После того как я его разбранила, он сказал, что я либо превосходно владею искусством угождать, либо мне от природы без всякого усилия дано то, что представляет величайшую трудность для других, прибавляя, что ничто так не досаждает благородному человеку, как просьбы и домогательства.
Откуда же взяться просьбам и домогательствам, отвечала я, когда он не оставлял мне возможности чего нибудь пожелать; надеюсь, однако, прибавила я, он не затем осыпает меня дарами, чтобы оградить себя от возможных домогательств. И я уверила его, что только крайняя нужда могла бы вынудить меня обеспокоить его ими.

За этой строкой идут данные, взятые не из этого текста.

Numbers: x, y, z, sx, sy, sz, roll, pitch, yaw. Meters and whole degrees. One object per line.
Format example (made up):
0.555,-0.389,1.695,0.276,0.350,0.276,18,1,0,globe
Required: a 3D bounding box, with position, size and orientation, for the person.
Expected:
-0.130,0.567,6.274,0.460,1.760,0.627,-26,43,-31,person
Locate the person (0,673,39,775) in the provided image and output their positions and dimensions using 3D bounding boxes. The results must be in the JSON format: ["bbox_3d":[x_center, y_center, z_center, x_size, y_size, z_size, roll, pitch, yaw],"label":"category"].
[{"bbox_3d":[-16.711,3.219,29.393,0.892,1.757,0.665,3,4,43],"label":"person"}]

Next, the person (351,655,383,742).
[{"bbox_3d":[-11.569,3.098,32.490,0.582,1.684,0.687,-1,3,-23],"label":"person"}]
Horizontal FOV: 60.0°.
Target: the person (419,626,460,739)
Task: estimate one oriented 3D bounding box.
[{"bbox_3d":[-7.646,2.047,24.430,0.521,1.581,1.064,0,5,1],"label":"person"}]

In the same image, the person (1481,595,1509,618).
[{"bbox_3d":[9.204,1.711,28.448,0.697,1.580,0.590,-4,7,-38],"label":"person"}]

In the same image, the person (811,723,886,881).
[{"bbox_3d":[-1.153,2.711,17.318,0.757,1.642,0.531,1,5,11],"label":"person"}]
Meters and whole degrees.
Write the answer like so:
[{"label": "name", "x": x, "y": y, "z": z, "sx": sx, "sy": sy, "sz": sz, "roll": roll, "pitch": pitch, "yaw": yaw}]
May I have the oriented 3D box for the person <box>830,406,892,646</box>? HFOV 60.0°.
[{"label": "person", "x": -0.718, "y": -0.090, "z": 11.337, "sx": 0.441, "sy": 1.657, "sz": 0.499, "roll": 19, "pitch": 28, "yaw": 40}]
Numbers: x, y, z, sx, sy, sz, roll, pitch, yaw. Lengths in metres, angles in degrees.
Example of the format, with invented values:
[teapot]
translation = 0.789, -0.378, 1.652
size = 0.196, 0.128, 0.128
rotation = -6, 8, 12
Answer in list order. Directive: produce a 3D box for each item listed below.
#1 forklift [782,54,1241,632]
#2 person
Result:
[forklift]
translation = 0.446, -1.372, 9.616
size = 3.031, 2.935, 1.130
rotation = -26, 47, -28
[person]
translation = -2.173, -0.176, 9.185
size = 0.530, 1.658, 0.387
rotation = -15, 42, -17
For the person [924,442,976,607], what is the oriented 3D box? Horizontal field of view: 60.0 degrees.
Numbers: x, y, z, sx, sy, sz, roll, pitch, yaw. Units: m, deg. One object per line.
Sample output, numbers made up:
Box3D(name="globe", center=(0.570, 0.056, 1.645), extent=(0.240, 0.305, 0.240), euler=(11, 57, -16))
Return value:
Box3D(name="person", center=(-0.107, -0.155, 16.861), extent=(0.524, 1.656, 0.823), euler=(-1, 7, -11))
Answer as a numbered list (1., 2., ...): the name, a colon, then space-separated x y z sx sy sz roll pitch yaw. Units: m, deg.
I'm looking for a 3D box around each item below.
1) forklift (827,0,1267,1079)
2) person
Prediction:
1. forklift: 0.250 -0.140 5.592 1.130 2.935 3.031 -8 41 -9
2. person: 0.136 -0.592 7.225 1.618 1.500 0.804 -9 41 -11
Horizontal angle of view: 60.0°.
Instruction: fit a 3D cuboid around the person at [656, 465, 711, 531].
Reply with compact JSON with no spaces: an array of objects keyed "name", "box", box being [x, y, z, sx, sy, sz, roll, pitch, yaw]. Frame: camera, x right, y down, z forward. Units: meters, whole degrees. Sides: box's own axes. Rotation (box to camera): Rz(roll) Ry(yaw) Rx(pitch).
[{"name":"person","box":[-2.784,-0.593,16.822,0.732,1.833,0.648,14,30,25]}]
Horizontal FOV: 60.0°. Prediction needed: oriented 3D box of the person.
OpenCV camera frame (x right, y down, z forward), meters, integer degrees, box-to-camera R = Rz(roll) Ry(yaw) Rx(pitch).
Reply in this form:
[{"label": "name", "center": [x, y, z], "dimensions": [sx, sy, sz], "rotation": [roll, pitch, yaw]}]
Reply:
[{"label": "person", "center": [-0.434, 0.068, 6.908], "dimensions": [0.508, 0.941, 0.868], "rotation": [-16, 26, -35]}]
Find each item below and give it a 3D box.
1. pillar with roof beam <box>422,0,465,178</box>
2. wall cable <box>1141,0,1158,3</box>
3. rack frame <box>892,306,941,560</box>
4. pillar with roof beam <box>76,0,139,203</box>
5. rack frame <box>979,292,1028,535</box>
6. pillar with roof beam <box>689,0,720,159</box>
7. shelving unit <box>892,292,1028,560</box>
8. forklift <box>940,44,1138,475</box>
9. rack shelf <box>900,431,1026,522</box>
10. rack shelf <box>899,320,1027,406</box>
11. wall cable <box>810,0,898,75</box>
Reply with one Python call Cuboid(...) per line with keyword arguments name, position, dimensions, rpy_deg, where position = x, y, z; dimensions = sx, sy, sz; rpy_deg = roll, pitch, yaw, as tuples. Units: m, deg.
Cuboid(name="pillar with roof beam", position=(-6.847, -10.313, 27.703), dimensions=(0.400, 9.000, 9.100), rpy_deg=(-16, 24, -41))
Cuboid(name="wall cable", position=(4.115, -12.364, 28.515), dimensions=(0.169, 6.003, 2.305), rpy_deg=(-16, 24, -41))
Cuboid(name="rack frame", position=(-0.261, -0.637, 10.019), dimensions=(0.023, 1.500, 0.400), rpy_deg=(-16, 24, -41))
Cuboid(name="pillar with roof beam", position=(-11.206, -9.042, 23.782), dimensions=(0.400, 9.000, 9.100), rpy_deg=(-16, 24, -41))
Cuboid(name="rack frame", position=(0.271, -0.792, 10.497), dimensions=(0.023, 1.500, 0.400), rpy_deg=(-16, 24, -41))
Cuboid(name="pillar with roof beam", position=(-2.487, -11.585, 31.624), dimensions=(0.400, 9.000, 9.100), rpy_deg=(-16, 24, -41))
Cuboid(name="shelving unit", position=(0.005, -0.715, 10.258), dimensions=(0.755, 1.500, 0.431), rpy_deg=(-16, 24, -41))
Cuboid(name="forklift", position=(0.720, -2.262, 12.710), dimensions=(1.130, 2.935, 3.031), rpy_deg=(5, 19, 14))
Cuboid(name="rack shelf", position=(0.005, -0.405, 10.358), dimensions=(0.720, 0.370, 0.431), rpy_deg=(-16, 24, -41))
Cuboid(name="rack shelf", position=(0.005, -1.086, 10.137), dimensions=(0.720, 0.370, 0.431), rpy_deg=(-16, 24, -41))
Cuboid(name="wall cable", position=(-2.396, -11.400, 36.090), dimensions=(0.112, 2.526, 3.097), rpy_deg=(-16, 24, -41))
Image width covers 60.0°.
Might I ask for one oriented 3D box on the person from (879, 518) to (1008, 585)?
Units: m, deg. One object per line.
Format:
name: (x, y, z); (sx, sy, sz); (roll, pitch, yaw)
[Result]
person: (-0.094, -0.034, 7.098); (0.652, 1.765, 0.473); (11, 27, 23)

Человек благородный, сказал он, обычно знает, как ему поступать; что до него самого, он делает лишь то, что не выходит за пределы благоразумия и поэтому заклинает меня не стесняться и просить его о чем только мне заблагорассудится; я так ему дорога, сказал он, что нет такой просьбы, в какой бы он посмел мне отказать, но ему особенно приятно притом слышать от меня, что я довольна его приношениями.
Мы еще долго обменивались комплиментами в этом духе, и поскольку большую часть нашей беседы мы вели, покоясь друг у друга в объятиях, то мои благодарные излияния он останавливал поцелуями.
Пора, однако, упомянуть, что принц мой, хоть и проживал все это время в Париже и часто бывал при дворе, где, как я полагала, занимал или рассчитывал получить какой то немаловажный пост, не являлся подданным французского короля . Говорю же я об этом потому, что через несколько дней после описанного свидания он сказал, что принес самую неприятную новость, какую мне доселе приходилось слышать из его уст. Затем, отвечая на мой удивленный взор, он продолжал:
– Не тревожьтесь, весть эта столь же безрадостна для меня, – как и для вас; но я пришел с вами посоветоваться, нельзя ли нам несколько облегчить ее последствия для нас обоих.
Эти слова меня еще больше изумили и встревожили. Наконец, он объявил, что ему, по всей видимости, придется ехать в Италию; и хотя поездка эта ему приятна была во всех отношениях, однако при одной мысли о разлуке со мной его охватывали тоска и уныние.
Я оцепенела и потеряла дар речи, как если бы над моей головой внезапно разразилась гроза. Мне вдруг представилось, что я лишаюсь его навсегда, а такая мысль была поистине нестерпима. Впоследствии он сказал мне, что я даже побледнела.
– Что с вами? – тревожно спросил он. – Я вижу, что оглушил вас своим известием.
И, подойдя к буфету, он налил мне глоток живительной настойки (которую сам же и принес).
– Не бойтесь, – сказал он, – я никуда без вас не поеду.
Невозможно и вообразить все те ласковые слова, которые он затем стал мне говорить, а также нежность, с какою он их произносил.
Неудивительно, впрочем, что я побледнела, ибо я в самом деле была поначалу поражена и решила, что все это, как оно обычно и бывает в подобных случаях, всего лишь уловка, придуманная для того, чтобы меня бросить и прекратить затянувшуюся связь. Тысяча предположений вихрем пронеслось у меня в голове в те короткие мгновения, что я оставалась в неизвестности. Как я уже сказала, я была в самом деле поражена и, быть может, даже побледнела, но падать в обморок я не собиралась.
Мне, впрочем, было приятно видеть, как он встревожился, и чувствовать его заботу обо мне. Но прежде чем глотнуть целительный напиток, который он поднес к моим губам, я взяла рюмку из его рук и сказала:
– Мой господин, ваши слова имеют для меня больше целебной силы, нежели этот лимонный напиток; ибо, как нет большей для меня горести, нежели вас утратить, так и самая для меня большая радость – услышать из ваших уст заверения, что мне не грозит такая беда.
Он усадил меня на диван, и, усевшись рядом и наговорив мне множество ласковых слов, повернул ко мне лицо.
– Неужели вы отважитесь ехать со мной в Италию? – с улыбкой спросил он.